For superficial stains, a simple cleansing milk will do the trick .
For more stubborn stains, 70-degree alcohol will be your best ally.
For food stains, use white vinegar .
For tougher stains, don't be afraid to use nail polish remover or bicarbonate of soda, which will get rid of the most stubborn.
If you're worried about damaging them with all these products, dilute them in cleansing milk. Also, to avoid marks, apply the product or product mix to the entire shoe.
As for scratches, they'll never disappear completely. You can, however, try to camouflage them with a felt-tip pen or nail varnish of the same color.

Once clean, you can move on to care and maintenance.
To prevent varnish cracking, moisturize regularly with wax-based polishes. Cleansing milk, olive oil, castor oil or Vaseline are inexpensive solutions that work just as well to nourish and restore suppleness to your shoes.
Finally, the whole point of your shoes is to shine, right? So let's shine them!
Once they've been cleaned and nourished, you can use lemon juice or window spray to give them that extra shine. Don't forget your patent leather brush, chamois cloth and a little elbow grease!
Suede shoes:

suede shoes

Suede is a delicate material that requires a lot of attention. Suede shoes are extremely fragile and difficult to care for. So don't go about cleaning them any old way, or you risk damaging them.

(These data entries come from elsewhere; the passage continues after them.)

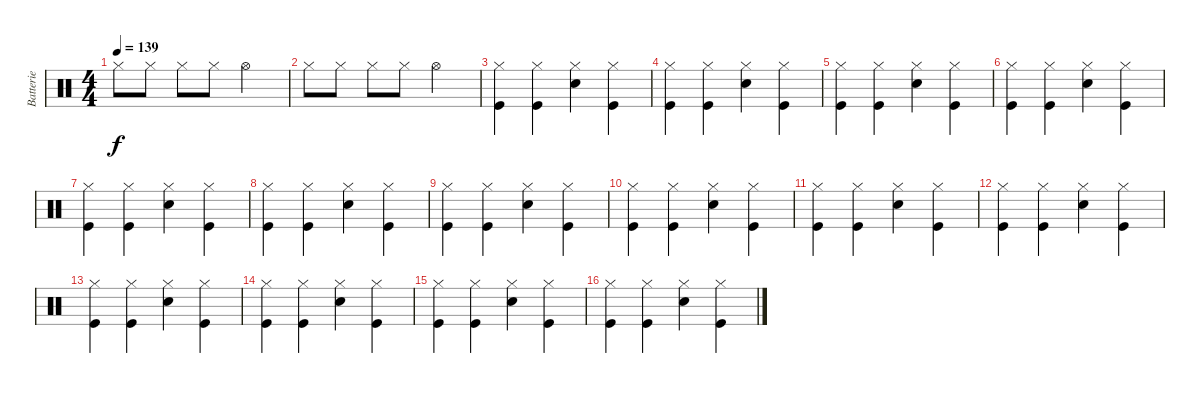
\track ("Batterie" "Batterie") {instrument percussion}
\staff {score}
\articulation defaults
\ts (4 4)
\tempo 139
\clef neutral
\ks c "Hi-Hat (closed)".8{dy f} "Hi-Hat (closed)".8 "Hi-Hat (closed)".8 "Hi-Hat (closed)".8 "Hi-Hat (open)".2
|
"Hi-Hat (closed)".8 "Hi-Hat (closed)".8 "Hi-Hat (closed)".8 "Hi-Hat (closed)".8 "Hi-Hat (open)".2 |
("Hi-Hat (closed)" "Kick (hit)").4 ("Hi-Hat (closed)" "Kick (hit)").4 ("Hi-Hat (closed)" "Snare (hit) 2").4 ("Hi-Hat (closed)" "Kick (hit)").4 |
("Hi-Hat (closed)" "Kick (hit)").4 ("Hi-Hat (closed)" "Kick (hit)").4 ("Hi-Hat (closed)" "Snare (hit) 2").4 ("Hi-Hat (closed)" "Kick (hit)").4 |
("Hi-Hat (closed)" "Kick (hit)").4 ("Hi-Hat (closed)" "Kick (hit)").4 ("Hi-Hat (closed)" "Snare (hit) 2").4 ("Hi-Hat (closed)" "Kick (hit)").4 |
("Hi-Hat (closed)" "Kick (hit)").4 ("Hi-Hat (closed)" "Kick (hit)").4 ("Hi-Hat (closed)" "Snare (hit) 2").4 ("Hi-Hat (closed)" "Kick (hit)").4 |
("Hi-Hat (closed)" "Kick (hit)").4 ("Hi-Hat (closed)" "Kick (hit)").4 ("Hi-Hat (closed)" "Snare (hit) 2").4 ("Hi-Hat (closed)" "Kick (hit)").4 |
("Hi-Hat (closed)" "Kick (hit)").4 ("Hi-Hat (closed)" "Kick (hit)").4 ("Hi-Hat (closed)" "Snare (hit) 2").4 ("Hi-Hat (closed)" "Kick (hit)").4 |
("Hi-Hat (closed)" "Kick (hit)").4 ("Hi-Hat (closed)" "Kick (hit)").4 ("Hi-Hat (closed)" "Snare (hit) 2").4 ("Hi-Hat (closed)" "Kick (hit)").4 |
("Hi-Hat (closed)" "Kick (hit)").4 ("Hi-Hat (closed)" "Kick (hit)").4 ("Hi-Hat (closed)" "Snare (hit) 2").4 ("Hi-Hat (closed)" "Kick (hit)").4 |
("Hi-Hat (closed)" "Kick (hit)").4 ("Hi-Hat (closed)" "Kick (hit)").4 ("Hi-Hat (closed)" "Snare (hit) 2").4 ("Hi-Hat (closed)" "Kick (hit)").4 |
("Hi-Hat (closed)" "Kick (hit)").4 ("Hi-Hat (closed)" "Kick (hit)").4 ("Hi-Hat (closed)" "Snare (hit) 2").4 ("Hi-Hat (closed)" "Kick (hit)").4 |
("Hi-Hat (closed)" "Kick (hit)").4 ("Hi-Hat (closed)" "Kick (hit)").4 ("Hi-Hat (closed)" "Snare (hit) 2").4 ("Hi-Hat (closed)" "Kick (hit)").4 |
("Hi-Hat (closed)" "Kick (hit)").4 ("Hi-Hat (closed)" "Kick (hit)").4 ("Hi-Hat (closed)" "Snare (hit) 2").4 ("Hi-Hat (closed)" "Kick (hit)").4 |
("Hi-Hat (closed)" "Kick (hit)").4 ("Hi-Hat (closed)" "Kick (hit)").4 ("Hi-Hat (closed)" "Snare (hit) 2").4 ("Hi-Hat (closed)" "Kick (hit)").4 |
("Hi-Hat (closed)" "Kick (hit)").4 ("Hi-Hat (closed)" "Kick (hit)").4 ("Hi-Hat (closed)" "Snare (hit) 2").4 ("Hi-Hat (closed)" "Kick (hit)").4

To clean these shoes, start by dusting with a crepe brush. In the event of stains, treat them by gently rubbing a mixture of warm water, white vinegar and washing-up liquid into a clean cloth. To eliminate unpleasant odours, simply sprinkle abundantly with bicarbonate of soda, massage and leave for 12 hours. You'll need to brush again with the crepe brush.

As explained above, waterproofing shoes is essential. Even more so with suede shoes. The slightest drop can damage the texture of your shoes. It is therefore advisable to waterproof them with a suitable product, and to repeat the operation several times a year.

As with leather, before cleaning your suede shoes, you'll need to dust them with a scraper to facilitate cleaning and restore their fluffy appearance. Rub from front to back, then in the opposite direction.
You can also use this same technique to deluster your shoes (restore their original shape and thickness) with a crepe brush.
Then, to degrease them, three different options are available.
Sprinkle them with talcum powder or cornflour, leave overnight, then brush them off the next day. The second is to use terre de Sommières. Gently rub the stained areas with your fingers, leave overnight, then brush them off in the morning. Or mix white vinegar in hot water and dab your shoes with a sponge.

Finally, to get rid of stains and restore the appearance of your suede shoes, there are several effective methods:
Using steam: expose your shoes to steam for a few minutes. This will slightly dampen the suede, making it easier to work with. Then use a crepe brush to vigorously brush the shoes to remove stains.
Cleaning with white vinegar: For stubborn stains, white vinegar can help. You'll need to soak a brush in white vinegar and scrub gently with it. If they're very dirty, you can immerse them in a mixture of warm water, white vinegar and washing-up liquid.
The magic sponge: Its special rubber texture will grab the suede and remove stains without damaging it. All you need to do is lightly dampen the sponge and gently rub the dirty areas.
Ammonia water-white spirit: If even a bath of white vinegar fails to completely clean your suede shoes, you can gently rub stubborn areas with a cloth soaked in white spirit or ammonia water. Target only the areas concerned to avoid damaging the suede. After using these products, pad your shoes with newspaper to absorb the moisture inside.
Sandpaper: To remove shiny areas, you can rub them with sandpaper. But be sure to choose the finest grit so as not to strip your shoes.

To revive the colors of your suede shoes after cleaning them, you can spray a color renovator 30 cm from the shoe 1 to 3 times a month. Apply it twice, so that the product penetrates deep into the bristles. Then brush and alternate in the opposite direction. You can also use a suede reviver to restore suede to its original color.